We do not undertake any responsibility to give you “best advice” on these products although we will provide you with a “demands and needs” statement if we do recommend a policy to you. We will have to charge you at our normal hourly rates for the time spent investigating and advising in respect of any alternative funding arrangements and those fees would not be recoverable from your opponent even if you win your case.

Risk sharing with lawyers

Solicitors are only permitted by law to offer clients certain types of arrangement:

  • A conditional fee agreement (“CFA”) – inaccurately but regularly called “no win – no fee”. If this is offered, your lawyer makes no charge if the case is lost but you may still have to pay your own “disbursements” and your opponents’ legal charges. If you win, your lawyer charges a “success fee” on top of the normal hourly rate.
  • Discounted conditional fee agreement (“Discounted CFA”) – a discounted hourly rate is payable as the case progresses but, if the case is won you would have to pay a success fee, based upon the time spent and an “uplifted” hourly rate.
  • Contingency fees – you are not charged if you lose but the fee if you are successful is a percentage of what is recovered. However, this arrangement cannot be used for cases which involve Court proceedings. It is therefore only usually available for Employment Tribunal proceedings.
  • Damages-based Arrangement (“DBA”) – a limited form of contingency fee agreement in which the client agrees to pay the solicitor a percentage of any monies recovered. The fees, including VAT cannot

exceed 50% of the sums recovered by the client. This can be used in litigation, but is not popuar under current Rules

Points you should bear in mind.

The idea of “no fee” or “reduced fee” is obviously attractive to clients but there are other aspects of such arrangements.

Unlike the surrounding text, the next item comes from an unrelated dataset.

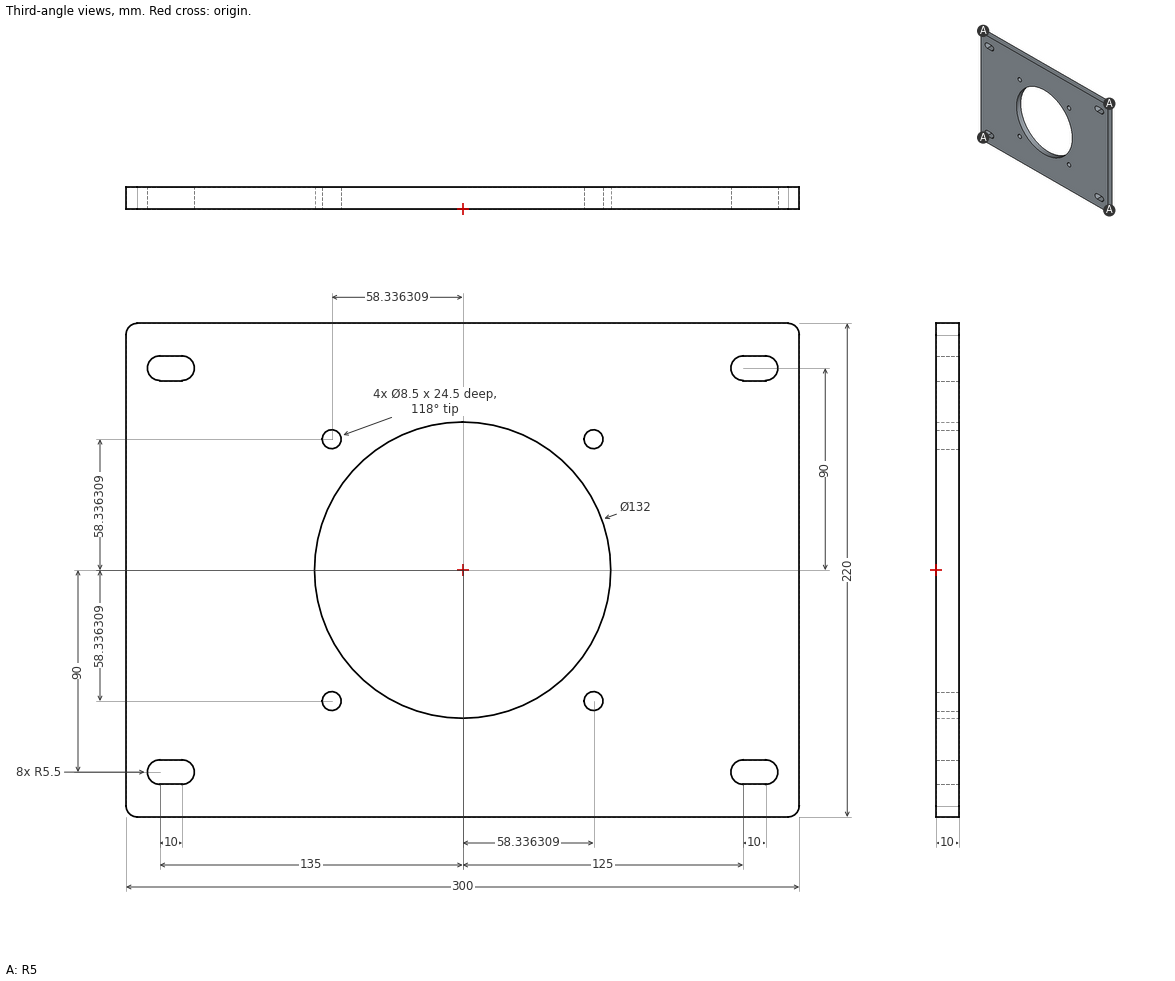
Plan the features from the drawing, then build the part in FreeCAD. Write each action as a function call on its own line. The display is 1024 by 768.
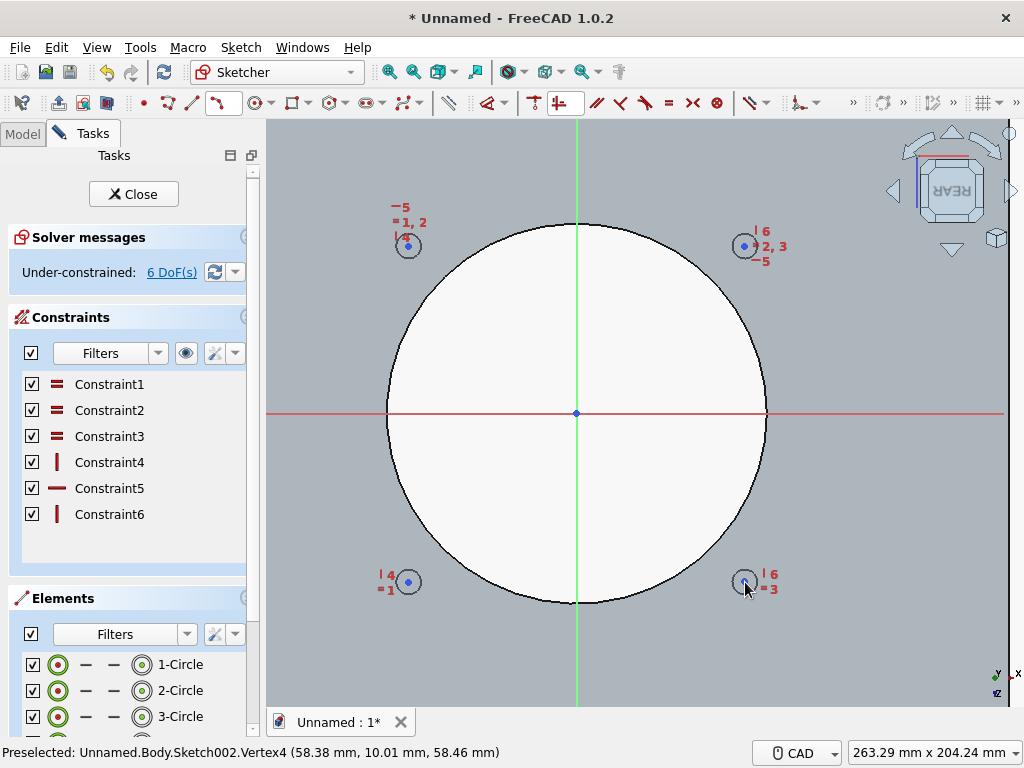
click(409, 582)

  • If you are successful under a CFA, Discounted CFA or DBA, your opponent may be ordered to pay part of these charges, calculated at the normal, or discounted hourly rate, but not the success fee; you will have to pay this yourself out of any monies you recover.
  • Instead of the normal client and independent adviser relationship, your lawyer will be sharing a form of joint venture with you. You may expect him to have a greater say in the conduct of the litigation.
  • Your lawyer will carry out a risk assessment at the beginning of the case, and at times during it, to decide whether he is prepared to take it on at all or, having started, to continue with it.
  • If your lawyer is effectively going to be sharing in the rewards with you, you will have to satisfy yourself whether his terms for doing so are fair and reasonable.
  • You may need to pay for some initial investigation into your case before your lawyer can decide whether to offer a risk sharing arrangement.

IMPORTANT - Even if we are not willing to offer a risk-sharing arrangement with you, you may still be able to find another lawyer who would be prepared to do so.

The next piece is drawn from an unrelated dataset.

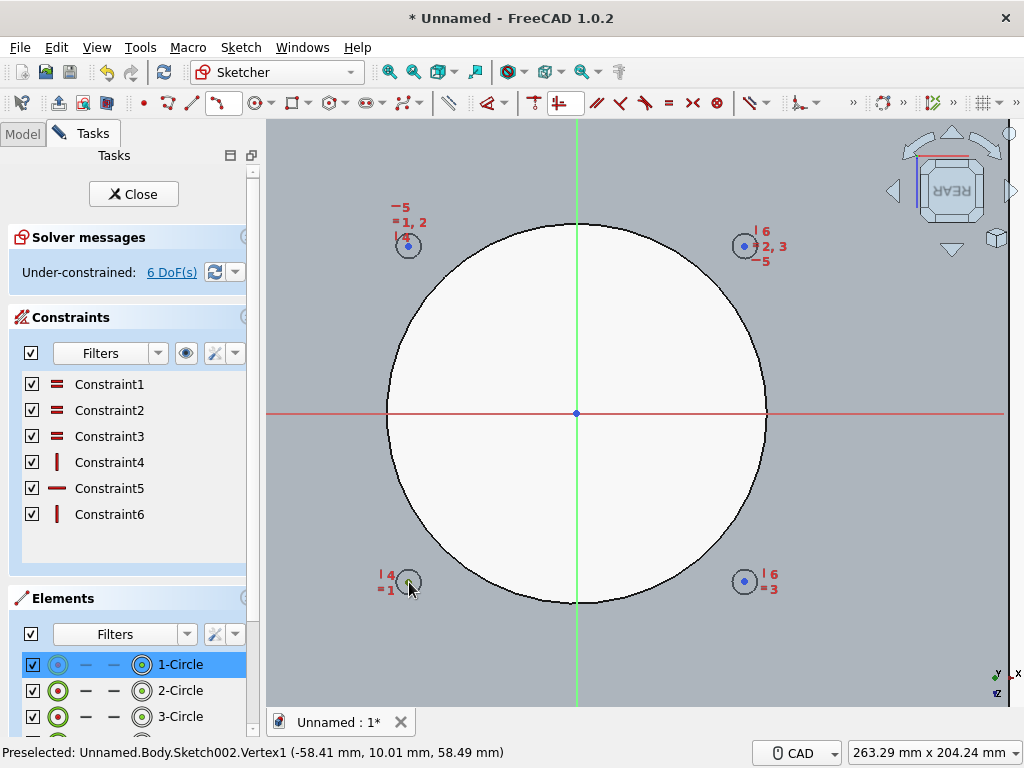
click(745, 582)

Our usual funding arrangements

Unless and until you agree with us one of the other funding arrangements mentioned in this leaflet, you will be obliged to pay our charges on an hourly rate basis, as set out in the Engagement Letter.

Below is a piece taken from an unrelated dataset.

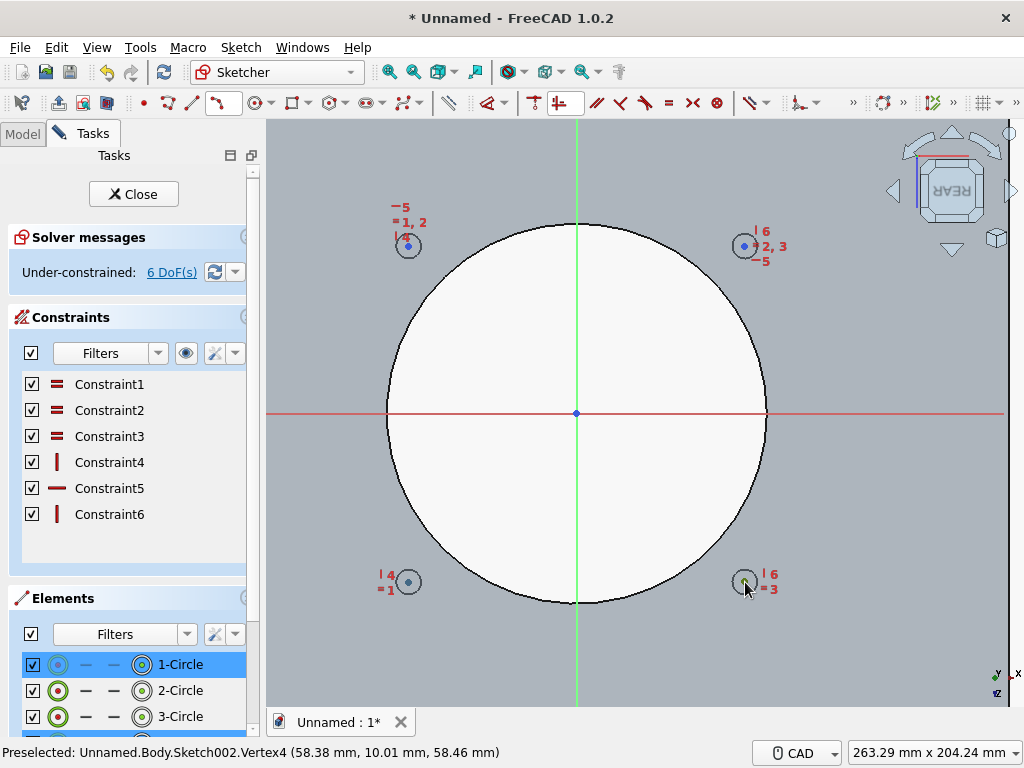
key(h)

Regular payments on account of these charges will be expected and we will not be able to start work on your case until the Engagement Letter has been signed and returned. Under this arrangement you know that you are paying for wholly independent advice and that you retain control of your own litigation. Therefore, please tell us if you wish to place a limit on the costs to be incurred up to, for example, the issue of Court proceedings.